By designing templates this way, we avoid surprises from undefined or null values—critical when working with LLMs that might otherwise generate unexpected outputs.

Structured Output

Integrating Large Language Models (LLMs) into existing software systems can be tricky. Software demands structured inputs with rigid boundaries, reminiscent of dealing with the infamous Windows-1252 encoding. LLMs, being text prediction engines, can be nudged to produce specific formats but might easily stray. If you’ve built an LLM Inference Engine, you’ll know you can limit output to specific characters, and OpenAI offers this capability too. You can even specify a JSON Schema as a ResponseFormat in your completion request.

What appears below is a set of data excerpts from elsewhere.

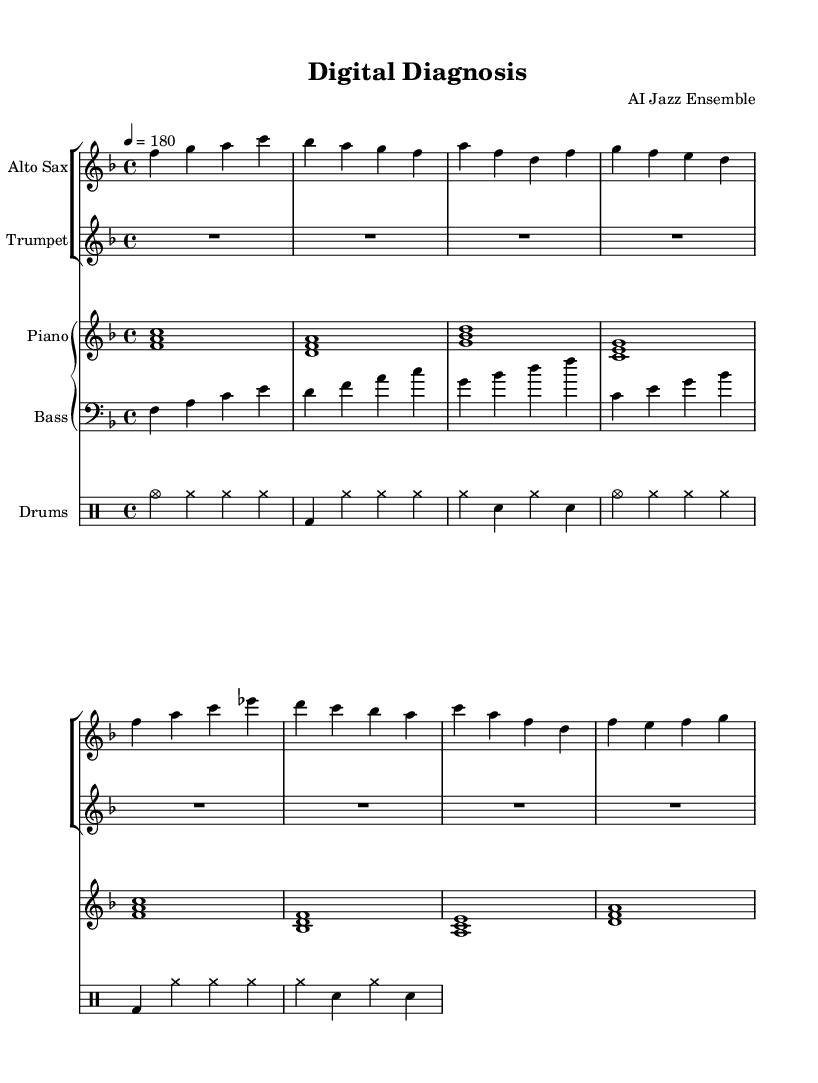What is the title of this piece? The title is prominently displayed in the header section of the score, which states "Digital Diagnosis."
Answer: Digital Diagnosis What is the key signature of this music? By examining the key signature indicated in the global music settings, which shows there is one flat (B), it is F major.
Answer: F major What is the time signature of this music? The time signature is specified in the global settings as 4/4, which means there are four beats per measure.
Answer: 4/4 What is the tempo marking for this piece? The tempo is indicated in the global settings as "4 = 180," meaning there are 180 quarter note beats per minute.
Answer: 180 How many instruments are featured in this score? By counting the distinct parts listed in the score, there are four: Alto Sax, Trumpet, Piano, Bass, and Drums. Thus, a total of five instruments are featured.
Answer: Five instruments Which instrument plays the longest note value in the first measure? In the first measure of the piano staff, it shows a whole note chord, which represents the longest note value compared to the other instruments that play shorter notes or rests.
Answer: Piano What is the role of the drums in this jazz piece? The drum part primarily serves to keep rhythm with a standard jazz drum pattern, incorporating elements like cymbals and bass drum for a steady swing feel typical in jazz music.
Answer: Rhythm section 
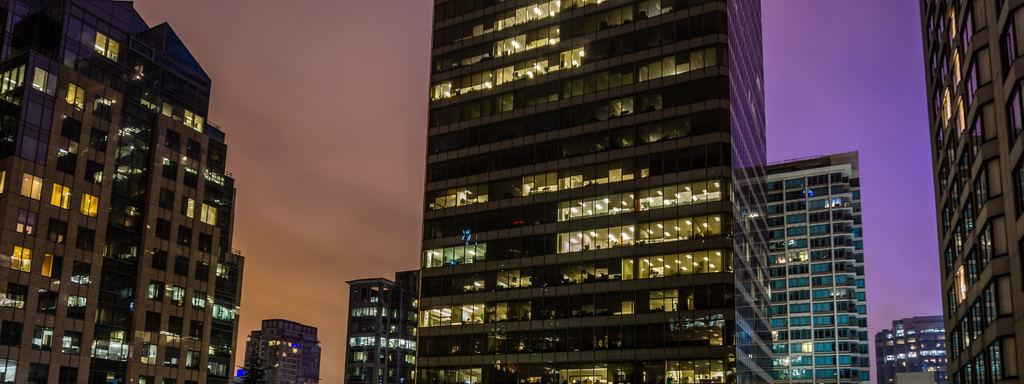What type of structures can be seen in the image? There are buildings in the image. What can be seen illuminating the scene in the image? There are lights visible in the image. What architectural features are present in the buildings? There are windows in the image. What is visible in the background of the image? The sky is visible in the image. What type of ball can be seen rolling down the street in the image? There is no ball present in the image; it only features buildings, lights, windows, and the sky. Can you tell me how many buttons are on the windows in the image? There is no mention of buttons on the windows in the image; only the presence of windows is noted. 
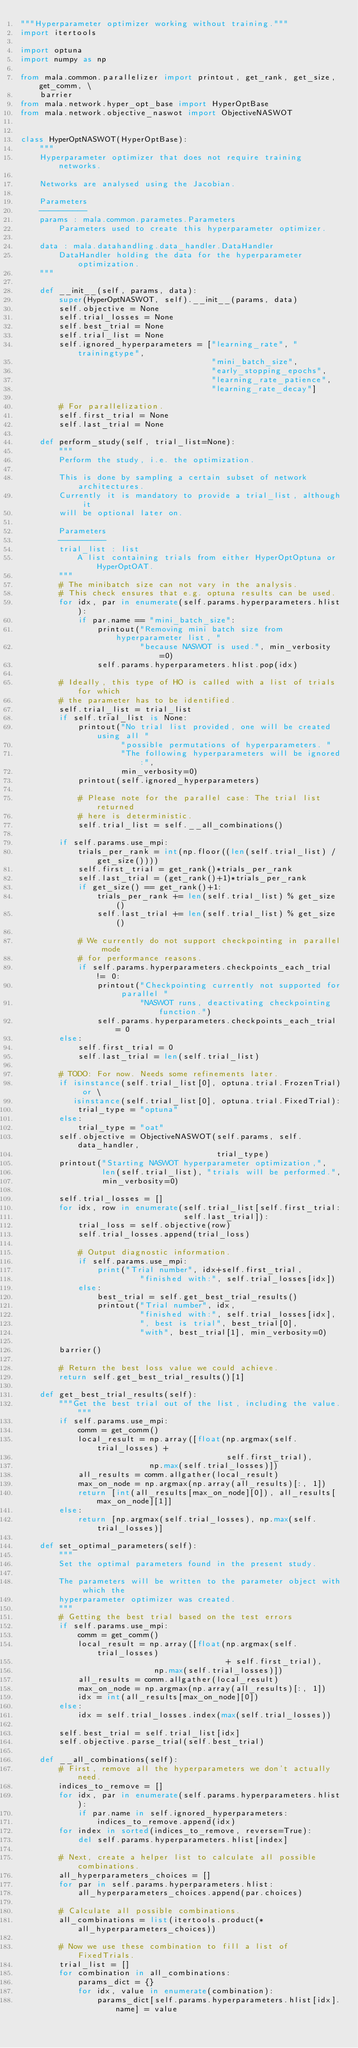Convert code to text. <code><loc_0><loc_0><loc_500><loc_500><_Python_>"""Hyperparameter optimizer working without training."""
import itertools

import optuna
import numpy as np

from mala.common.parallelizer import printout, get_rank, get_size, get_comm, \
    barrier
from mala.network.hyper_opt_base import HyperOptBase
from mala.network.objective_naswot import ObjectiveNASWOT


class HyperOptNASWOT(HyperOptBase):
    """
    Hyperparameter optimizer that does not require training networks.

    Networks are analysed using the Jacobian.

    Parameters
    ----------
    params : mala.common.parametes.Parameters
        Parameters used to create this hyperparameter optimizer.

    data : mala.datahandling.data_handler.DataHandler
        DataHandler holding the data for the hyperparameter optimization.
    """

    def __init__(self, params, data):
        super(HyperOptNASWOT, self).__init__(params, data)
        self.objective = None
        self.trial_losses = None
        self.best_trial = None
        self.trial_list = None
        self.ignored_hyperparameters = ["learning_rate", "trainingtype",
                                        "mini_batch_size",
                                        "early_stopping_epochs",
                                        "learning_rate_patience",
                                        "learning_rate_decay"]

        # For parallelization.
        self.first_trial = None
        self.last_trial = None

    def perform_study(self, trial_list=None):
        """
        Perform the study, i.e. the optimization.

        This is done by sampling a certain subset of network architectures.
        Currently it is mandatory to provide a trial_list, although it
        will be optional later on.

        Parameters
        ----------
        trial_list : list
            A list containing trials from either HyperOptOptuna or HyperOptOAT.
        """
        # The minibatch size can not vary in the analysis.
        # This check ensures that e.g. optuna results can be used.
        for idx, par in enumerate(self.params.hyperparameters.hlist):
            if par.name == "mini_batch_size":
                printout("Removing mini batch size from hyperparameter list, "
                         "because NASWOT is used.", min_verbosity=0)
                self.params.hyperparameters.hlist.pop(idx)

        # Ideally, this type of HO is called with a list of trials for which
        # the parameter has to be identified.
        self.trial_list = trial_list
        if self.trial_list is None:
            printout("No trial list provided, one will be created using all "
                     "possible permutations of hyperparameters. "
                     "The following hyperparameters will be ignored:",
                     min_verbosity=0)
            printout(self.ignored_hyperparameters)

            # Please note for the parallel case: The trial list returned
            # here is deterministic.
            self.trial_list = self.__all_combinations()

        if self.params.use_mpi:
            trials_per_rank = int(np.floor((len(self.trial_list) / get_size())))
            self.first_trial = get_rank()*trials_per_rank
            self.last_trial = (get_rank()+1)*trials_per_rank
            if get_size() == get_rank()+1:
                trials_per_rank += len(self.trial_list) % get_size()
                self.last_trial += len(self.trial_list) % get_size()

            # We currently do not support checkpointing in parallel mode
            # for performance reasons.
            if self.params.hyperparameters.checkpoints_each_trial != 0:
                printout("Checkpointing currently not supported for parallel "
                         "NASWOT runs, deactivating checkpointing function.")
                self.params.hyperparameters.checkpoints_each_trial = 0
        else:
            self.first_trial = 0
            self.last_trial = len(self.trial_list)

        # TODO: For now. Needs some refinements later.
        if isinstance(self.trial_list[0], optuna.trial.FrozenTrial) or \
           isinstance(self.trial_list[0], optuna.trial.FixedTrial):
            trial_type = "optuna"
        else:
            trial_type = "oat"
        self.objective = ObjectiveNASWOT(self.params, self.data_handler,
                                         trial_type)
        printout("Starting NASWOT hyperparameter optimization,",
                 len(self.trial_list), "trials will be performed.",
                 min_verbosity=0)

        self.trial_losses = []
        for idx, row in enumerate(self.trial_list[self.first_trial:
                                  self.last_trial]):
            trial_loss = self.objective(row)
            self.trial_losses.append(trial_loss)

            # Output diagnostic information.
            if self.params.use_mpi:
                print("Trial number", idx+self.first_trial,
                         "finished with:", self.trial_losses[idx])
            else:
                best_trial = self.get_best_trial_results()
                printout("Trial number", idx,
                         "finished with:", self.trial_losses[idx],
                         ", best is trial", best_trial[0],
                         "with", best_trial[1], min_verbosity=0)

        barrier()

        # Return the best loss value we could achieve.
        return self.get_best_trial_results()[1]

    def get_best_trial_results(self):
        """Get the best trial out of the list, including the value."""
        if self.params.use_mpi:
            comm = get_comm()
            local_result = np.array([float(np.argmax(self.trial_losses) +
                                           self.first_trial),
                           np.max(self.trial_losses)])
            all_results = comm.allgather(local_result)
            max_on_node = np.argmax(np.array(all_results)[:, 1])
            return [int(all_results[max_on_node][0]), all_results[max_on_node][1]]
        else:
            return [np.argmax(self.trial_losses), np.max(self.trial_losses)]

    def set_optimal_parameters(self):
        """
        Set the optimal parameters found in the present study.

        The parameters will be written to the parameter object with which the
        hyperparameter optimizer was created.
        """
        # Getting the best trial based on the test errors
        if self.params.use_mpi:
            comm = get_comm()
            local_result = np.array([float(np.argmax(self.trial_losses)
                                           + self.first_trial),
                            np.max(self.trial_losses)])
            all_results = comm.allgather(local_result)
            max_on_node = np.argmax(np.array(all_results)[:, 1])
            idx = int(all_results[max_on_node][0])
        else:
            idx = self.trial_losses.index(max(self.trial_losses))

        self.best_trial = self.trial_list[idx]
        self.objective.parse_trial(self.best_trial)

    def __all_combinations(self):
        # First, remove all the hyperparameters we don't actually need.
        indices_to_remove = []
        for idx, par in enumerate(self.params.hyperparameters.hlist):
            if par.name in self.ignored_hyperparameters:
                indices_to_remove.append(idx)
        for index in sorted(indices_to_remove, reverse=True):
            del self.params.hyperparameters.hlist[index]

        # Next, create a helper list to calculate all possible combinations.
        all_hyperparameters_choices = []
        for par in self.params.hyperparameters.hlist:
            all_hyperparameters_choices.append(par.choices)

        # Calculate all possible combinations.
        all_combinations = list(itertools.product(*all_hyperparameters_choices))

        # Now we use these combination to fill a list of FixedTrials.
        trial_list = []
        for combination in all_combinations:
            params_dict = {}
            for idx, value in enumerate(combination):
                params_dict[self.params.hyperparameters.hlist[idx].name] = value</code>

Rust simplifies this with Serde and SchemaRS. Just annotate your structures with derived traits to auto-generate a JSON Schema from a struct and populate it using the OpenAI Response.

use schemars::JsonSchema;
use serde::{Deserialize, Serialize};

#[derive(JsonSchema, Serialize, Deserialize, Debug, Clone, Copy)]
pub enum MessageScore {
    Excellent,
    Revisable,
}

#[derive(JsonSchema, Serialize, Deserialize, Debug, Clone)]
pub struct Evaluation {
    pub score: MessageScore,
    pub reason: String,
    pub suggested_title: String,
    pub suggested_body: String,
}
...
let mut json_schema = serde_json::to_value(schema_for!(Evaluation))?;
json_schema["additionalProperties"] = serde_json::Value::Bool(false);
let response_format = ResponseFormat::JsonSchema {
    json_schema: ResponseFormatJsonSchema {
        description: Some("Evaluation Response".to_string()),
        name: "Evaluation".to_string(),
        strict: Some(true),
        schema: Some(json_schema),
    },
};
...
Ok(serde_json::from_str(
    choice.message.content.as_ref().unwrap().as_str(),
)?)

By merging type-safe templates with JSON schemas generated from Rust code and structured outputs, building robust LLM tools becomes straightforward.

Sample Usage

I have pushed the Commit Evaluation tool to GitHub if you’d like to try it. You will need an OpenAI API key, and of course, Rust. You can build it for your system using cargo build --release or run it directly with cargo run. It must be run from within a current Git repository.

Conclusion

The integration of Large Language Models (LLMs) with Rust offers a promising avenue for creating sophisticated and efficient software tools. By leveraging Rust’s powerful features such as safety, concurrency, and type safety through libraries like Askama and Serde, developers can harness the capabilities of LLMs without sacrificing performance or reliability. The combination of structured outputs and robust templating ensures that developers can manage the nuances of LLMs while maintaining control over their applications’ behavior. We are at an exciting time where new technology is changing the way we work. By using tools like the Rust programming language and Large Language Models (LLMs), we can work smarter and create new possibilities in software development. Whether you have a lot of experience or are just starting, combining Rust with LLMs can help you build reliable and creative solutions in our fast-changing digital world.